Comparison of Tibetan vs Xhosa language history gives us differences between origin of Tibetan and Xhosa language. History of Tibetan language states that this language originated in c. 650 whereas history of Xhosa language states that this language originated in 16th Century. Family of the language also forms a part of history of that language. More on language families of these languages can be found out on Tibetan and Xhosa Language History.

Tibetan and Xhosa Greetings

People around the world use different languages to interact with each other. Even if we cannot communicate fluently in any language, it will always be beneficial to know about some of the common greetings or phrases from that language. This is where Tibetan and Xhosa greetings helps you to understand basic phrases in Tibetan and Xhosa language. Tibetan word for "Hello" is བཀྲ་ཤིས་བདེ་ལེགས། (tashi delek) or Xhosa word for "Thank You" is Ndiyabulela. Find more of such common Tibetan Greetings and Xhosa Greetings. These greetings will help you to be more confident when conversing with natives that speak these languages.

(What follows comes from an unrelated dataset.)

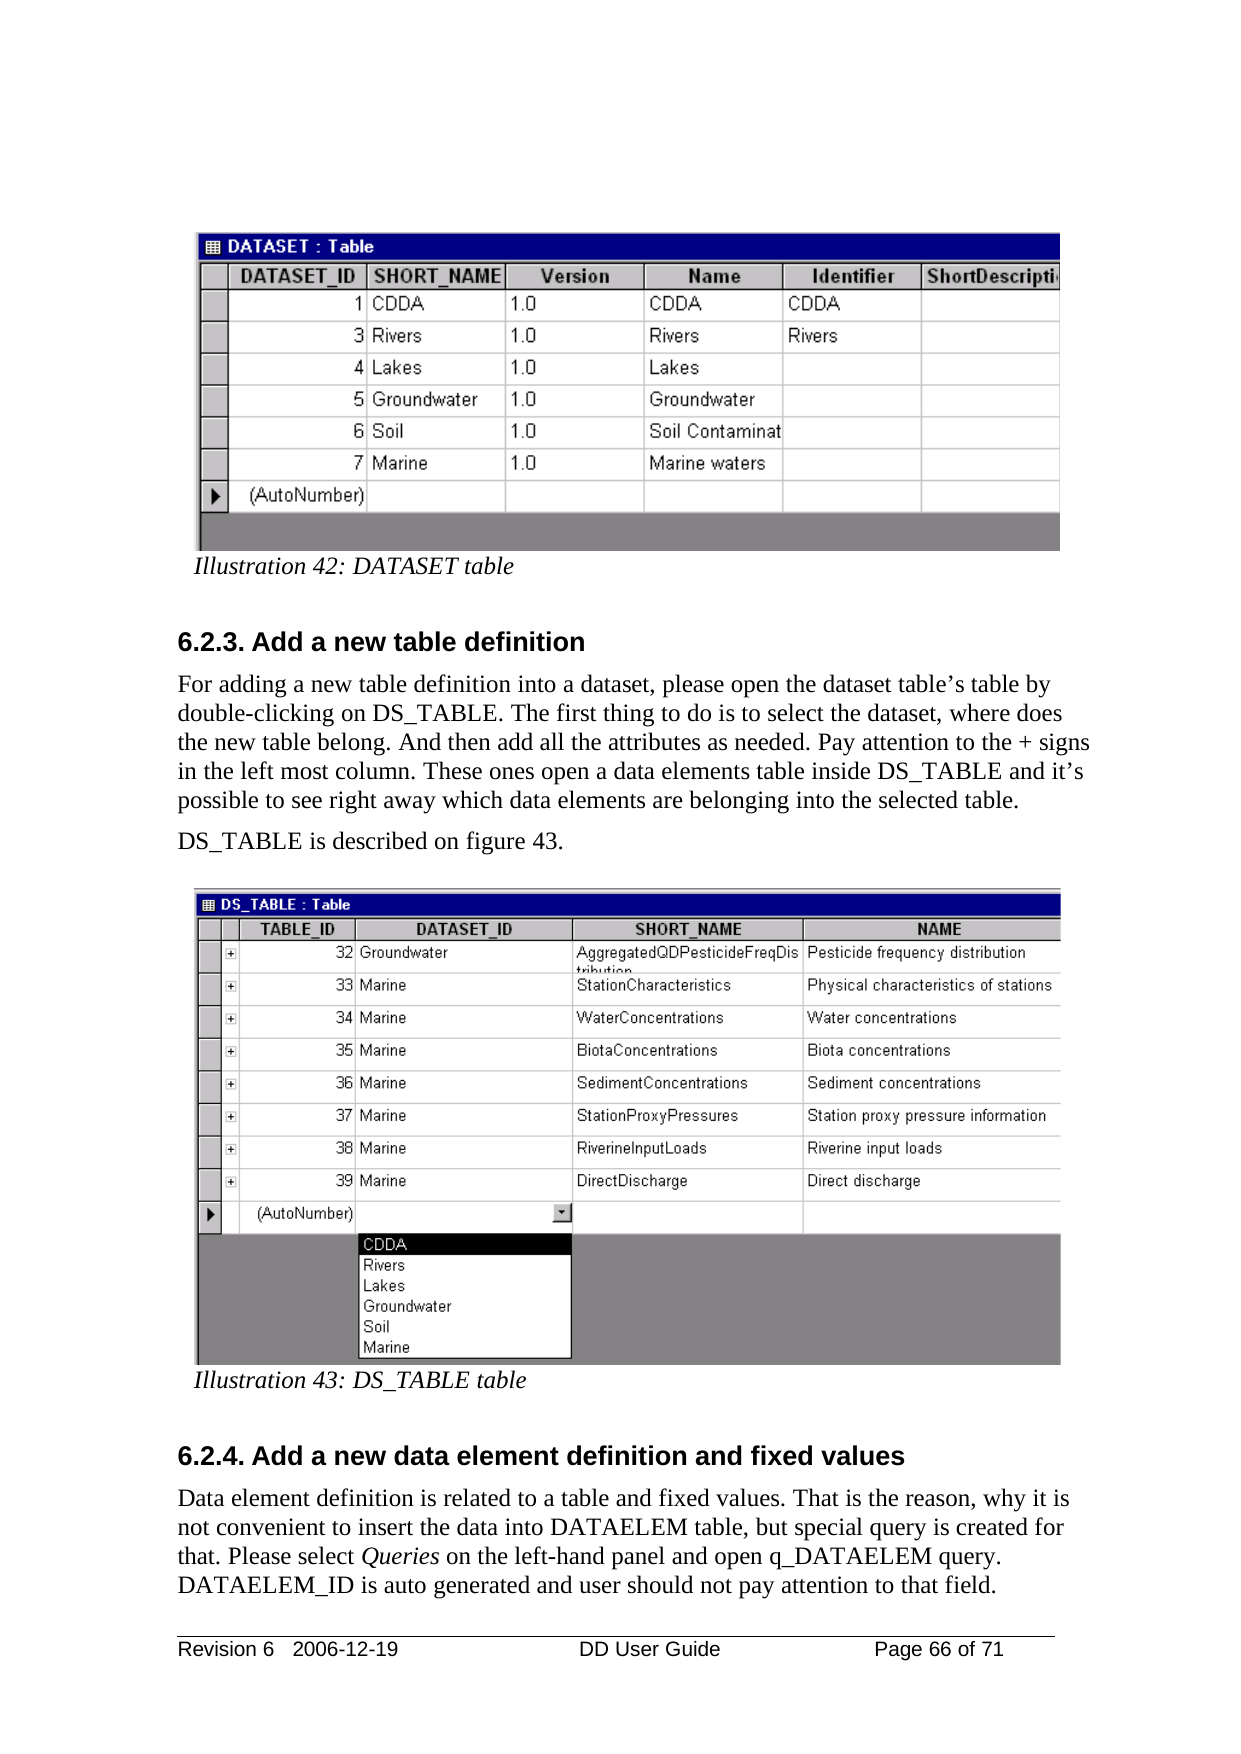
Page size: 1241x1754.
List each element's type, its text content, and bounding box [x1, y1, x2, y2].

Tibetan vs Xhosa Difficulty

The Tibetan vs Xhosa difficulty level basically depends on the number of Tibetan Alphabets and Xhosa Alphabets. Also the number of vowels and consonants in the language plays an important role in deciding the difficulty level of that language. The important points to be considered when we compare Tibetan and Xhosa are the origin, speaking countries, language family, different greetings, speaking population of these languages. Want to know in Tibetan and Xhosa, which language is harder to learn? Time required to learn Tibetan is 24 weeks while to learn Xhosa time required is 44 weeks.